§ Work task: Everything in the records below is to be reproduced exactly, apart from the images.

§ Supplied information:
- - - - -

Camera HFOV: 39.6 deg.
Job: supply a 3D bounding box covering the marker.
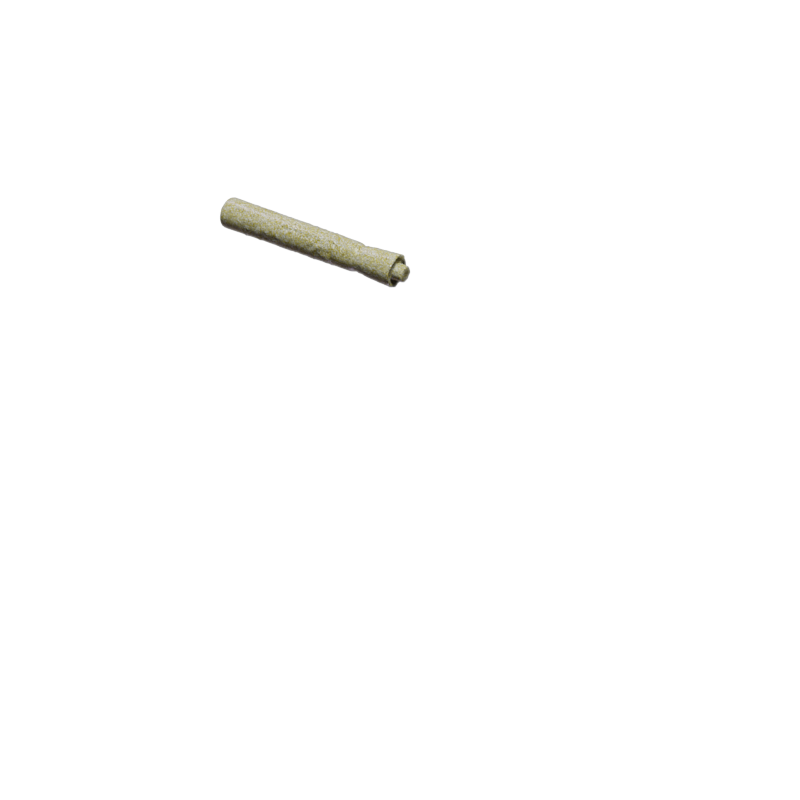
[{"bbox_3d":[-0.049,-0.089,0.622,0.127,0.019,0.019,23,14,28],"label":"marker"}]
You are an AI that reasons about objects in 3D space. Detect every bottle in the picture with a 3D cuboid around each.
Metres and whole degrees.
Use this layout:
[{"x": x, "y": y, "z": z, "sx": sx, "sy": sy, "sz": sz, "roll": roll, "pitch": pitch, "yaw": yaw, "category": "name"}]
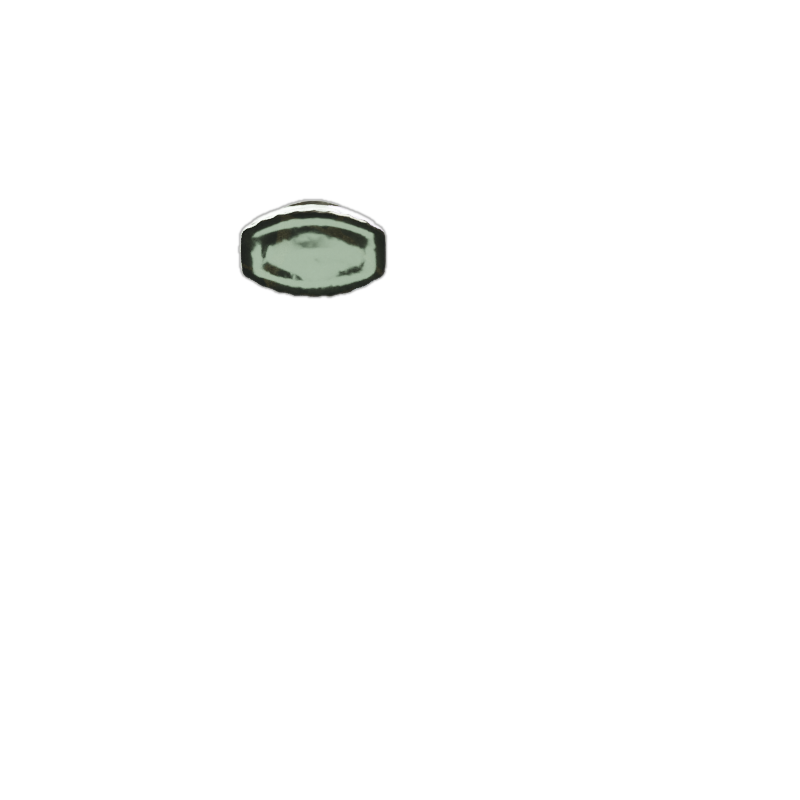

- - - - -

§ Solution:
Camera HFOV: 39.6 deg.
Job: supply a 3D bounding box covering the marker.
[{"bbox_3d":[-0.049,-0.089,0.622,0.127,0.019,0.019,23,14,28],"label":"marker"}]
You are an AI that reasons about objects in 3D space. Detect every bottle in the picture with a 3D cuboid around each.
Metres and whole degrees.
Use this layout:
[{"x": x, "y": y, "z": z, "sx": sx, "sy": sy, "sz": sz, "roll": roll, "pitch": pitch, "yaw": yaw, "category": "name"}]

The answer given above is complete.